Anyway, Flynn convinces Emma to come with him — if I hadn’t read anything other than The Hunger Games in 10 years, I’d probably jump at the chance to go back to the future, too — and he prepares to part ways with Jesse James, but not before James makes one last request… or demand. He wants Flynn’s fancy, high-tech, modern machine gun. Flynn acquiesces, but there is no way in hell this is going to end well.
Our trio, along with Bass and Grant, finally find their way to Emma’s cabin, where Rufus is shocked to recognize her jumpsuit and heaps of modern technology. But before they can investigate any further, James fires upon the cabin with glee, reveling in his new toy and killing Grant. After the gun runs out of bullets, Wyatt corners James and is prepared to shoot and kill him, both fulfilling history and finding solace in the fact that if he can’t punish his wife’s killer, he can at least stop another bad man from killing other people. But before he can pull the trigger, Bass shows up and holds them in a three-person standoff, warning Wyatt that no matter how cruel James is, it’s immoral to shoot an injured, unarmed man. “You have a choice, son,” he tells Wyatt.

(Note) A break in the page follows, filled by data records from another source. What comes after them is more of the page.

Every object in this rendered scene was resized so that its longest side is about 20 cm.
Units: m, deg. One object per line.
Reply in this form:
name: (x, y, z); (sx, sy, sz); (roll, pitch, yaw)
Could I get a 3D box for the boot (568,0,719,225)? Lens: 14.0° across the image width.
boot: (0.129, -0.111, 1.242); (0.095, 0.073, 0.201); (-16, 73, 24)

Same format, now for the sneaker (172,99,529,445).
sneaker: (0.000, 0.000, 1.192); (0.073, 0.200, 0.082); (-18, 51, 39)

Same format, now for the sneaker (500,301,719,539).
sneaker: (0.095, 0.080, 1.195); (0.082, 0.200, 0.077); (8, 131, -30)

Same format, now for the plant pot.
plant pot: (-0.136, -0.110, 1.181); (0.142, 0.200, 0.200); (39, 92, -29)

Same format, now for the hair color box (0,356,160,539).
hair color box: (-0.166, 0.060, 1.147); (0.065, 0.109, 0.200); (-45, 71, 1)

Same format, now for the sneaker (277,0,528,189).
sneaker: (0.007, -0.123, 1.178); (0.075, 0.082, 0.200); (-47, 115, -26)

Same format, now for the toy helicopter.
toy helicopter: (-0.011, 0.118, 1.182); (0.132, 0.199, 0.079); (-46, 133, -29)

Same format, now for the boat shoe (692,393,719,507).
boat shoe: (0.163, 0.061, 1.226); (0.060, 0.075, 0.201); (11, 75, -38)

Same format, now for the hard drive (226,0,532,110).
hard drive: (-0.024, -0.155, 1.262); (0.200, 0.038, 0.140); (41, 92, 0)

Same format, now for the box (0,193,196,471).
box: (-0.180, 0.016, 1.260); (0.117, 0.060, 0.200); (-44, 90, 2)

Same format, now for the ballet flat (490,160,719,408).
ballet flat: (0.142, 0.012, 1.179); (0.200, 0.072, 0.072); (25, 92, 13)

Just then, a shot rings out, and James is killed. Shockingly, it was neither Bass nor Wyatt, but Lucy. This is the first time we’ve seen Lucy kill someone, and although James was by no means a good man, she still pulled the trigger in cold blood. Bass is disappointed, and as he rides off into the sunset, he leaves Lucy with this advice: “Killing an injured man when he said he wished to surrender, that’s a lot of things. Good ain’t one of ‘em, and you’ll live with it.” When the Lone Ranger tells you he’s disappointed with you, that’s gonna stick.
So, our trio is no closer to finding Flynn, defeating Rittenhouse, or even addressing any of their own problems. Lucy is slipping deeper into a spiral of regret and guilt, Rufus is worried about Jiya, and Wyatt is still dead set on exacting revenge on his wife’s killer. Finally, our heroes’ stories are starting to click into place, and when you add a thrilling adventure story involving Jesse James and the Lone Ranger, you’ve got a pretty solid episode.
And as if things weren’t complicated enough already, Wyatt has decided to throw a wrench in the whole thing, hosting a secret meeting in a bar and imploring Rufus to help him steal the Lifeboat and prevent his wife’s death. You’d think that by now, Wyatt would realize that exactly zero of their time-traveling missions so far have turned out the way they’d hoped, but hey. There’s a first time for everything?
Best Rufus one-liner: “It’s like the scary version of Blazing Saddles.”